● **What you are asked to do**: Pick out all lines with the word "minimum" from the records that follow.

● **Records provided**:
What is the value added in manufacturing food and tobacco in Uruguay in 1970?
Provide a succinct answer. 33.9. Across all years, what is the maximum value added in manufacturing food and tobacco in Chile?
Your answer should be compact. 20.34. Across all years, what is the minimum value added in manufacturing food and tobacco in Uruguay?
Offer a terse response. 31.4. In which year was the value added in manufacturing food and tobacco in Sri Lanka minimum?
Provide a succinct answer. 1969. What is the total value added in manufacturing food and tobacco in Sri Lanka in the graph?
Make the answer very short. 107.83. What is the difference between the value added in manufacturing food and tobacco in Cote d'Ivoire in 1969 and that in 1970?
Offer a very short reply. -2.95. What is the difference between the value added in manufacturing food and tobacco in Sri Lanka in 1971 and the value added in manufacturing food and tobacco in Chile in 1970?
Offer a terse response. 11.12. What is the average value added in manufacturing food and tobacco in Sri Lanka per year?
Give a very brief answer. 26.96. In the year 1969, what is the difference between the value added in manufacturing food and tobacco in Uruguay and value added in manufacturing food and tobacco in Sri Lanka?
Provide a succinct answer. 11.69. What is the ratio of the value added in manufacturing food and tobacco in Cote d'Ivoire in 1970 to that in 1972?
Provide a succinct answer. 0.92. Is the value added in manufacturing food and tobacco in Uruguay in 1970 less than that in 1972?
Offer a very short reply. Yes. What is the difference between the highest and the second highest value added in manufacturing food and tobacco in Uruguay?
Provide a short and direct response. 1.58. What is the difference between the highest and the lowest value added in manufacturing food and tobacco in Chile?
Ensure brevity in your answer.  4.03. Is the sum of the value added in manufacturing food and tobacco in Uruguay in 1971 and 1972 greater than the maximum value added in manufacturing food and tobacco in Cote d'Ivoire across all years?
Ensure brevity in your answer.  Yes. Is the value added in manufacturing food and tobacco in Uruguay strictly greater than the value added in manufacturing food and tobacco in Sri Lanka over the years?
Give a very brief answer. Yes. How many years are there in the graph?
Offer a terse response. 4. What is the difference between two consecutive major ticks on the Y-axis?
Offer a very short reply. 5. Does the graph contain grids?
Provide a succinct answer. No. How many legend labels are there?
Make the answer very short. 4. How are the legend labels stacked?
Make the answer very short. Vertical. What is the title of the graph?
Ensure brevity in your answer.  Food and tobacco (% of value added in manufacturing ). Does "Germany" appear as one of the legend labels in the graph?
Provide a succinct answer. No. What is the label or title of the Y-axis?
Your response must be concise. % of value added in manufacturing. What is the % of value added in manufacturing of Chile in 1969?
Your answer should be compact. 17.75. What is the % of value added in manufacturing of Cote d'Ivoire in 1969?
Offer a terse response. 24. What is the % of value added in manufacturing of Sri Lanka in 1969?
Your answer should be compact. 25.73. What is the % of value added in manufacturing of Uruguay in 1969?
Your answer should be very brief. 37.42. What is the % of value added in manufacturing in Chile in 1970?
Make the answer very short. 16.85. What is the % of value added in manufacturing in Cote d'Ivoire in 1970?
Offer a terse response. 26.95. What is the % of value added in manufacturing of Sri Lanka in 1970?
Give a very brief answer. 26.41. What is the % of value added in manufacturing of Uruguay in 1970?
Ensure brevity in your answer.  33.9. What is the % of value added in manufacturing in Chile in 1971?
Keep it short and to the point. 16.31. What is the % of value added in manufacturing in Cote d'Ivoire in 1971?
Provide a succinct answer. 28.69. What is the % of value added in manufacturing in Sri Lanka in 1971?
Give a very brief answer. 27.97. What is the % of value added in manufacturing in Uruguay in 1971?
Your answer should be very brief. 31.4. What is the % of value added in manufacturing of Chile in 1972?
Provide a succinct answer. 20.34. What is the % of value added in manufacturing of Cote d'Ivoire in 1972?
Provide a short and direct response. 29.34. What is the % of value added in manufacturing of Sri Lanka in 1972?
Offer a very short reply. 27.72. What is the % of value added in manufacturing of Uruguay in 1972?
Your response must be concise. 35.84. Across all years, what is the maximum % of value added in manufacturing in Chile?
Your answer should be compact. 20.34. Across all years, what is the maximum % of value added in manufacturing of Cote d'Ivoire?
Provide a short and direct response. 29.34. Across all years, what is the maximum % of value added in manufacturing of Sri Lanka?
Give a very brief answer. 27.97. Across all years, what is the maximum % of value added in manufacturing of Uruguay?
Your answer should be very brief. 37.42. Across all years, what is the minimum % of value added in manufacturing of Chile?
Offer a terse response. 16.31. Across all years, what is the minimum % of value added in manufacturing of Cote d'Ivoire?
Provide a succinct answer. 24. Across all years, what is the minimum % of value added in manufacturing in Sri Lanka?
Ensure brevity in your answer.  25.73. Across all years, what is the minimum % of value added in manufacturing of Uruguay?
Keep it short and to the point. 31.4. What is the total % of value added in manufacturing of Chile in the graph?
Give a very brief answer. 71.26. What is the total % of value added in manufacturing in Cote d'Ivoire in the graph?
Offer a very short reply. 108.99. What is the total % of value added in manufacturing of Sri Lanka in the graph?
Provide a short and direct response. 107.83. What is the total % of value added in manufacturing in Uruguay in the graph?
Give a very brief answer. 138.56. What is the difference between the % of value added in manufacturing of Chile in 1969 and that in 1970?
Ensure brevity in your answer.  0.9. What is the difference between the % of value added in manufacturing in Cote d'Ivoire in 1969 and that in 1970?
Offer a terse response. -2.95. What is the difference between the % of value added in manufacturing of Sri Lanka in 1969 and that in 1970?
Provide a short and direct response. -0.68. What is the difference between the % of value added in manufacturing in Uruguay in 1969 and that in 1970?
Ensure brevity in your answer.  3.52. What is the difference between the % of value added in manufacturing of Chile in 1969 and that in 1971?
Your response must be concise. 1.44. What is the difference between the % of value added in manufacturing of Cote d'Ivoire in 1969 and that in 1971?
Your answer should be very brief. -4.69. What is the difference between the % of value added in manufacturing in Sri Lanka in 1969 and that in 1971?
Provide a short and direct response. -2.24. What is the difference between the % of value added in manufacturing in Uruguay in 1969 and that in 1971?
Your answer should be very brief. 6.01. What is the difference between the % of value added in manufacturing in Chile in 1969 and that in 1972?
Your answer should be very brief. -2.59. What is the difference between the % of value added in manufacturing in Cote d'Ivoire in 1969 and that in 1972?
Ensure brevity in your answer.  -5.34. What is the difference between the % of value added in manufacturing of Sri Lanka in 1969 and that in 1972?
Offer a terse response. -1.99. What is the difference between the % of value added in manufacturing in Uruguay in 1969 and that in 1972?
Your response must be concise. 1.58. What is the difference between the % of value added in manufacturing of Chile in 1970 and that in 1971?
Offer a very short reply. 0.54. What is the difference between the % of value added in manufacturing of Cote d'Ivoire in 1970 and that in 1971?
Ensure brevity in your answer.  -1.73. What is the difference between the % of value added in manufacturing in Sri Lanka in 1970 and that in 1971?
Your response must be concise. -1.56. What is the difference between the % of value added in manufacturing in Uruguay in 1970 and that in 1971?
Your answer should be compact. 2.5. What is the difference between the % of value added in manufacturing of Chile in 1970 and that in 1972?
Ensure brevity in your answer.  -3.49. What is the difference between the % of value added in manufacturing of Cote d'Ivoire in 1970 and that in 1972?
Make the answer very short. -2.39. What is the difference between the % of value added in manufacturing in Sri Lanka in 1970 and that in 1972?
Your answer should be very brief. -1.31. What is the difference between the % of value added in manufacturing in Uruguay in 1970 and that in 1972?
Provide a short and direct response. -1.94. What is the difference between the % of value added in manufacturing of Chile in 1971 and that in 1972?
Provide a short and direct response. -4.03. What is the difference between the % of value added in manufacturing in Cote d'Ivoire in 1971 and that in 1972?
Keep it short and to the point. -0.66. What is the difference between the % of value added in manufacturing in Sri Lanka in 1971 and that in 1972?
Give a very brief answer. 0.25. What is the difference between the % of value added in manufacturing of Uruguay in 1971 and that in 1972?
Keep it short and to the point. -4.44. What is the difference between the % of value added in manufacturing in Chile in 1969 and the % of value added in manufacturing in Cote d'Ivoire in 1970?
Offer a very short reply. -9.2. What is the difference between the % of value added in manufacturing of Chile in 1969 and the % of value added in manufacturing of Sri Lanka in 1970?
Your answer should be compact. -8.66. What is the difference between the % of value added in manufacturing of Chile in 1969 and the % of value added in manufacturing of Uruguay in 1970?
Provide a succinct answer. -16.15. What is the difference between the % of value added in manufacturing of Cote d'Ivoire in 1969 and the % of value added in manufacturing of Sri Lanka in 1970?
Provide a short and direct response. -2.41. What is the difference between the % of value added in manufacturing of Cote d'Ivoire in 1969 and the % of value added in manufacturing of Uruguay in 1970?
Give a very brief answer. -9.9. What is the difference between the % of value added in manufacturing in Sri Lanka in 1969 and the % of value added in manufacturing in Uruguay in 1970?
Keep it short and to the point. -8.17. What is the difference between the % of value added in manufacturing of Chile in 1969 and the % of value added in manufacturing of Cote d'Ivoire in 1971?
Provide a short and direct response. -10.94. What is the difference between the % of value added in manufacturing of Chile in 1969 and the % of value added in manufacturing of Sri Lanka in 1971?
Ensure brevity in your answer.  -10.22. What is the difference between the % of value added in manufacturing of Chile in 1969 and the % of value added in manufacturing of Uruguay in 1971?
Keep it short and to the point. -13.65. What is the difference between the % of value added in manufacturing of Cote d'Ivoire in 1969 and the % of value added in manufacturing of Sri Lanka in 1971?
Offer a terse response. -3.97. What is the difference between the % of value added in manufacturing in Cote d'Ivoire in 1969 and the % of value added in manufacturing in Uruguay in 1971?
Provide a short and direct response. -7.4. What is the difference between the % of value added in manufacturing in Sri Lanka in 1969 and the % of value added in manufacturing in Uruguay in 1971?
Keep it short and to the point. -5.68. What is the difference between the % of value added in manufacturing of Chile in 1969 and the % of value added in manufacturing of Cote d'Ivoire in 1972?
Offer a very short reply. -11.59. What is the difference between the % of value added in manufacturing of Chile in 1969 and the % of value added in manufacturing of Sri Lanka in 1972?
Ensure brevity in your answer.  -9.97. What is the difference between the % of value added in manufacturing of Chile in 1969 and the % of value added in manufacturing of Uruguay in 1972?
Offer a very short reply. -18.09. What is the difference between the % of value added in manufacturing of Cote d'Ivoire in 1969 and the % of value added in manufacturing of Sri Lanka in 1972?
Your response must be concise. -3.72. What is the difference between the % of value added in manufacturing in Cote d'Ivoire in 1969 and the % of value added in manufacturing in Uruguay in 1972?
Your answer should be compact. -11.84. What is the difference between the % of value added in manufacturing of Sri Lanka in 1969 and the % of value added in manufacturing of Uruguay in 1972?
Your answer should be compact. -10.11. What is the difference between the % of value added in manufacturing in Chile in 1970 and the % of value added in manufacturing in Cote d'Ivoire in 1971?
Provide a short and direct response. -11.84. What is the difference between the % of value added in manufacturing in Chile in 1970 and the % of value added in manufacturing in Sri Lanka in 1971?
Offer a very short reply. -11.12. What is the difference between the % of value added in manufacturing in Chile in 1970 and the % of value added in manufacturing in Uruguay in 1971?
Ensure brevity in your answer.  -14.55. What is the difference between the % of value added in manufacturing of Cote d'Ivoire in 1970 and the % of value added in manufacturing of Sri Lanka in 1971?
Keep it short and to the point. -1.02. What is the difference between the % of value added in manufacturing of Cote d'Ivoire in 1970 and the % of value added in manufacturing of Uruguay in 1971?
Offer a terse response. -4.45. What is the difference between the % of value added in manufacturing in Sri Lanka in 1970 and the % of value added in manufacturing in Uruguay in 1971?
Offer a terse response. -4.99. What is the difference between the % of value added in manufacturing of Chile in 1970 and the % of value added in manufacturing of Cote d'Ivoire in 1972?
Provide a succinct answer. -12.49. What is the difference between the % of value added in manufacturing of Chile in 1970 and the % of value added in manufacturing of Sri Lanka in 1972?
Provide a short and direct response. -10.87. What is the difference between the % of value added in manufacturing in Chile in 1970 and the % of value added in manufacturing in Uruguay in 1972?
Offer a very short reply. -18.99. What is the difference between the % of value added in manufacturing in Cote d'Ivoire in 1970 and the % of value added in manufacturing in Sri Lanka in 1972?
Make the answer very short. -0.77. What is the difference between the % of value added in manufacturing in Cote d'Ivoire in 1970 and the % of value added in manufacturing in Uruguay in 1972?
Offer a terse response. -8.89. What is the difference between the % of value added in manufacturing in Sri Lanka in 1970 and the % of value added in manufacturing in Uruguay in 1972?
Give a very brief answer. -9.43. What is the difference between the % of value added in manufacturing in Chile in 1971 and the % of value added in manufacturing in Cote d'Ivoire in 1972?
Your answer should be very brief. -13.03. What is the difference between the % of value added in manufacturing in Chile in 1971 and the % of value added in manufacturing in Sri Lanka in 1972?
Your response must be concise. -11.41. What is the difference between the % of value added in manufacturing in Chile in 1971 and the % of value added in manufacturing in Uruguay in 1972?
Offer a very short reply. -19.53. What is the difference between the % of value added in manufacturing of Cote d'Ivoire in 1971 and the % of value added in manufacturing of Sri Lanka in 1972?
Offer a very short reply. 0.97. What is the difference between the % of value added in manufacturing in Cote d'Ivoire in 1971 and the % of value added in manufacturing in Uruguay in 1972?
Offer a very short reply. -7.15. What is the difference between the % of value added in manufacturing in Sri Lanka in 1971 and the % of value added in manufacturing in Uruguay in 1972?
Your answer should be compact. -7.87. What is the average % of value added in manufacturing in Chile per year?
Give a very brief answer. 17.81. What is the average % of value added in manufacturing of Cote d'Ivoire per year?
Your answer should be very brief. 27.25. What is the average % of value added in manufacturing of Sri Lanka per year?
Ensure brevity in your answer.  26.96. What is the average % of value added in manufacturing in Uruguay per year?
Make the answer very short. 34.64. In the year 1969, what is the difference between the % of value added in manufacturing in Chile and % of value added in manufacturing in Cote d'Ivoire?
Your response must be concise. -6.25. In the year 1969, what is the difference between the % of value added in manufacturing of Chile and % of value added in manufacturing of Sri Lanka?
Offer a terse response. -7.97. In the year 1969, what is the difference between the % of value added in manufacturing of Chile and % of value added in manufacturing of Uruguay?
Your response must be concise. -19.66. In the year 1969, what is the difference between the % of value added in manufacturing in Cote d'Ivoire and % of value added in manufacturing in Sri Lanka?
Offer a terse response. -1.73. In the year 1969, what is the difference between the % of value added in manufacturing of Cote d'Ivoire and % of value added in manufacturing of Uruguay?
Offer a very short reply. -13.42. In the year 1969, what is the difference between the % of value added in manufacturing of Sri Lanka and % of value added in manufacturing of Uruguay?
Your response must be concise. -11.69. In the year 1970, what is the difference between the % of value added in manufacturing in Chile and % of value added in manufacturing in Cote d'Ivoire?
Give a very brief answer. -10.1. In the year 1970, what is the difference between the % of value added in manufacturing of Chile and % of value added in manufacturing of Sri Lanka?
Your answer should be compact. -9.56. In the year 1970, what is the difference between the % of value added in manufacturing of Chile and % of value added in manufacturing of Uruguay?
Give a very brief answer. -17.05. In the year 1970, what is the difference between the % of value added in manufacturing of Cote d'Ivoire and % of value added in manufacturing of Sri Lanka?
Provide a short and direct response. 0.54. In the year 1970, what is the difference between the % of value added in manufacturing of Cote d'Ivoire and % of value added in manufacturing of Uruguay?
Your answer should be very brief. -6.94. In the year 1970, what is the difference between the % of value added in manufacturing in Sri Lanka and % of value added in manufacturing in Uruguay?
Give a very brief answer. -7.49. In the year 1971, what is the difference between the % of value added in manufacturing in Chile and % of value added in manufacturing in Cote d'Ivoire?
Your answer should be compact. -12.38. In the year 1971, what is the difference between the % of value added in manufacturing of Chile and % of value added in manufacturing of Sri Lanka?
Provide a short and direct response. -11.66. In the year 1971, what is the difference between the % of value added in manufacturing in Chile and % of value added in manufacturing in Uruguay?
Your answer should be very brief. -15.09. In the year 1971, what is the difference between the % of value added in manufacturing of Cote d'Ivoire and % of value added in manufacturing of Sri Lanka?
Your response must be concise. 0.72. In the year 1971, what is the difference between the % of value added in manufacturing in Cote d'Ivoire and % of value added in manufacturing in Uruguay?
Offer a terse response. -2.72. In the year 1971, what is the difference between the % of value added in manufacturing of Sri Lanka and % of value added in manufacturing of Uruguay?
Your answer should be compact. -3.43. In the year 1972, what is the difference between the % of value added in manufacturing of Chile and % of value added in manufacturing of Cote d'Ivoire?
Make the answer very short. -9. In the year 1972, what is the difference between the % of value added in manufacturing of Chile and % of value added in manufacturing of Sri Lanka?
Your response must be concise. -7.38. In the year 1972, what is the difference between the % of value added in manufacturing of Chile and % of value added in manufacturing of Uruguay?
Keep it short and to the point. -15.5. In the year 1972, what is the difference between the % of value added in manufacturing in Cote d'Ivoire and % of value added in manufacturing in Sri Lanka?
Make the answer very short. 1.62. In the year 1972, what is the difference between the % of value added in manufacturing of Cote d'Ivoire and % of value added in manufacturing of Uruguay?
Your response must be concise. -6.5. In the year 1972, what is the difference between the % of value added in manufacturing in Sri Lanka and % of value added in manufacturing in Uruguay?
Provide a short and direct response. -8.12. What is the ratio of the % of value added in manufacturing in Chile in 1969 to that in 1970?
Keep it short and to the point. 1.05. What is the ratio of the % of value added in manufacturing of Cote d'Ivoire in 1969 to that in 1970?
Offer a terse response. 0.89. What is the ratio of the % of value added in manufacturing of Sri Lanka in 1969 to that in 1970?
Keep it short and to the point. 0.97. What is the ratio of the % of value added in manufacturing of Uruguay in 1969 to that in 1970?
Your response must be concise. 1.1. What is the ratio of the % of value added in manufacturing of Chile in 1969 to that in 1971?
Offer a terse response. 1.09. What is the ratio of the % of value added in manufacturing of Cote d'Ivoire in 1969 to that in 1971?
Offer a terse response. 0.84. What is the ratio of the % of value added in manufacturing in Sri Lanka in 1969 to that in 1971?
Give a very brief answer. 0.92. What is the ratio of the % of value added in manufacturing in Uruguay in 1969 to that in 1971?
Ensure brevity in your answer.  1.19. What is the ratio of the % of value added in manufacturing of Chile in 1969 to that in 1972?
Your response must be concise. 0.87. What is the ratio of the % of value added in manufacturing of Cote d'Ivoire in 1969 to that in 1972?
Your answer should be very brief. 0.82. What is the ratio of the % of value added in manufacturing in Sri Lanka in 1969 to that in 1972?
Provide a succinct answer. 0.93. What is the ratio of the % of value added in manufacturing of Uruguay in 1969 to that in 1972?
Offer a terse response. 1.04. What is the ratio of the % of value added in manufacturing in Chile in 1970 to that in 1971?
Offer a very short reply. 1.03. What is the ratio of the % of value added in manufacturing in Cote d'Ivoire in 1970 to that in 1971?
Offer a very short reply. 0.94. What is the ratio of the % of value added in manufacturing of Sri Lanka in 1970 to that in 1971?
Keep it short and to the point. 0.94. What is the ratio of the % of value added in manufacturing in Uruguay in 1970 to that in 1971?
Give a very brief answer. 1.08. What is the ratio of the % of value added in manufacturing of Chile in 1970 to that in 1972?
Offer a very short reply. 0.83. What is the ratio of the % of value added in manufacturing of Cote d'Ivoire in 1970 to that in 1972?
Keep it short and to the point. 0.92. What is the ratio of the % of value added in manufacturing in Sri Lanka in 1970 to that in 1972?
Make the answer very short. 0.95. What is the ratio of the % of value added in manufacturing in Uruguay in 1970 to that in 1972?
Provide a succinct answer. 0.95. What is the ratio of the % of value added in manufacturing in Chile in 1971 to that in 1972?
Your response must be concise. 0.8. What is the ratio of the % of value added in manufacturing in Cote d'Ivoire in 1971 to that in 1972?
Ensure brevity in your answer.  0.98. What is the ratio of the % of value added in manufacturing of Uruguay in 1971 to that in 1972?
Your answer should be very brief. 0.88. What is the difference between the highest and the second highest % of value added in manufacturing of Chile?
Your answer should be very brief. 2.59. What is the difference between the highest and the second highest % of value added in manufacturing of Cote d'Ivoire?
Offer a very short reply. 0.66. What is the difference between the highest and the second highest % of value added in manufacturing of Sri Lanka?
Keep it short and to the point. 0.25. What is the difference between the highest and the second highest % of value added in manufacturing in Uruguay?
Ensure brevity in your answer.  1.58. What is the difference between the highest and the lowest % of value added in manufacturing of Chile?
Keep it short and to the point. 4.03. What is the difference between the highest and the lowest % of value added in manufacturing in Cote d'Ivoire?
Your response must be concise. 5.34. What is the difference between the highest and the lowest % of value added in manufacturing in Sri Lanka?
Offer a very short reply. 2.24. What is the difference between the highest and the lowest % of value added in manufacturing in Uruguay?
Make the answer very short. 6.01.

● **Your response**:
Your answer should be compact. 20.34. Across all years, what is the minimum value added in manufacturing food and tobacco in Uruguay?
Offer a terse response. 31.4. In which year was the value added in manufacturing food and tobacco in Sri Lanka minimum?
Your answer should be very brief. 37.42. Across all years, what is the minimum % of value added in manufacturing of Chile?
Offer a terse response. 16.31. Across all years, what is the minimum % of value added in manufacturing of Cote d'Ivoire?
Provide a succinct answer. 24. Across all years, what is the minimum % of value added in manufacturing in Sri Lanka?
Ensure brevity in your answer.  25.73. Across all years, what is the minimum % of value added in manufacturing of Uruguay?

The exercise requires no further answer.